What Schiff is saying makes sense.   The White House can suggest but not demand that Dr. Kupperman not appear and this would be an act of civil disobedience.  We’ll know on Monday what will happen.  Being it is a closed door deposition, it stands to reason that any information that could harm the national security would not be released to the public.  I think Schiff recognizes that there will be a number of  contempt of Congress proceedings, which could bog down the inquiry.  There are many other subpoenas related to documents, which are in non-compliance.  These requests were made to Mike Esper, Mike Pompeo, Rudy Giuliani and Mike Pence.  The list of subpoenas will grow.   I hope Dr. Kupperman appears on Monday as it will be harder for John Bolton to avoid his subpoena.

See my new page on the impeachment inquiry documents.

Stay tuned,



Another Brick in the Wall

The Trump administration lost badly in the District Circuit Court of Washington, D.C. on obtaining the redacted portions of the Mueller Report on grounds that it related to Grand Jury testimony.   The DOJ argued that the impeachment inquiry was illegal.  The judge issued a scathing opinion, ordering the Justice Department to comply with the Subpoena from the House inquiry as follows:

“Even in cases of presidential impeachment, a House resolution has never, in fact, been required to begin an impeachment inquiry,” Howell wrote.

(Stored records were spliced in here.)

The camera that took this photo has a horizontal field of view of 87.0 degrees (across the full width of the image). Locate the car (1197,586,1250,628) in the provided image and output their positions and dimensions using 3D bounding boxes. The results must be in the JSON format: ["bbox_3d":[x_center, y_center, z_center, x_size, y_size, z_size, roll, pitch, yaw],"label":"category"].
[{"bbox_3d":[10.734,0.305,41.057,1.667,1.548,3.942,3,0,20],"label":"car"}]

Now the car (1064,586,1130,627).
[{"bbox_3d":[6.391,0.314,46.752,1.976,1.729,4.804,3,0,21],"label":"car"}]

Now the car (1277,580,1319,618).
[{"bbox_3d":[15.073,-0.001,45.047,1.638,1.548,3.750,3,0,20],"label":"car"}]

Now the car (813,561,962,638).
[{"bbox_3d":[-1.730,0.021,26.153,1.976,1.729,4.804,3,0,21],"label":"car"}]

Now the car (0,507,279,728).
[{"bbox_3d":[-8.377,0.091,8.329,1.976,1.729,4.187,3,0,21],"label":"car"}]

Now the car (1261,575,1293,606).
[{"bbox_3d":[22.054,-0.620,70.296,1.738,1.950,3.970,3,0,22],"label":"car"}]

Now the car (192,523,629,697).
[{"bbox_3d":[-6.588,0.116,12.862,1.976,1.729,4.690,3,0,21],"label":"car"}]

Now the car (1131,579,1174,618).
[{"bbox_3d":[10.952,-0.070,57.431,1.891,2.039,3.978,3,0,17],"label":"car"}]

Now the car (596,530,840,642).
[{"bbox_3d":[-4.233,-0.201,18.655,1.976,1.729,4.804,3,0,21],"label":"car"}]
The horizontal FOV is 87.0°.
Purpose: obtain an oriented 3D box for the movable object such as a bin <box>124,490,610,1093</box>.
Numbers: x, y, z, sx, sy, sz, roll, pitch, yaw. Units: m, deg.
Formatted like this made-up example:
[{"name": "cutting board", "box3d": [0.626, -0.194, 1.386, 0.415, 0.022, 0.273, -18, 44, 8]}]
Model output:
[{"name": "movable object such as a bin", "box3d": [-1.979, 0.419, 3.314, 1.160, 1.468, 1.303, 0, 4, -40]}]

The DOJ will appeal the ruling.    Judge Howell has legitimize the impeachment inquiry and given it powers reserved for the judicial branch.   The DOJ knows that if the appellate court rules against them, this will set a precedent and make it much easier to get compliance on a subpoena.  The ruling elevates the inquiry  beyond normal Congressional investigations, giving subpoenas the same weight as in court cases.  Judge Howell states:

“(A)n impeachment trial is an exercise of judicial power,” Howell wrote. “Contrary to (the Justice Department’s) position — and as historical practice, the Federalist Papers, the text of the Constitution, and Supreme Court precedent all make clear — impeachment trials are judicial in nature and constitute judicial proceedings.”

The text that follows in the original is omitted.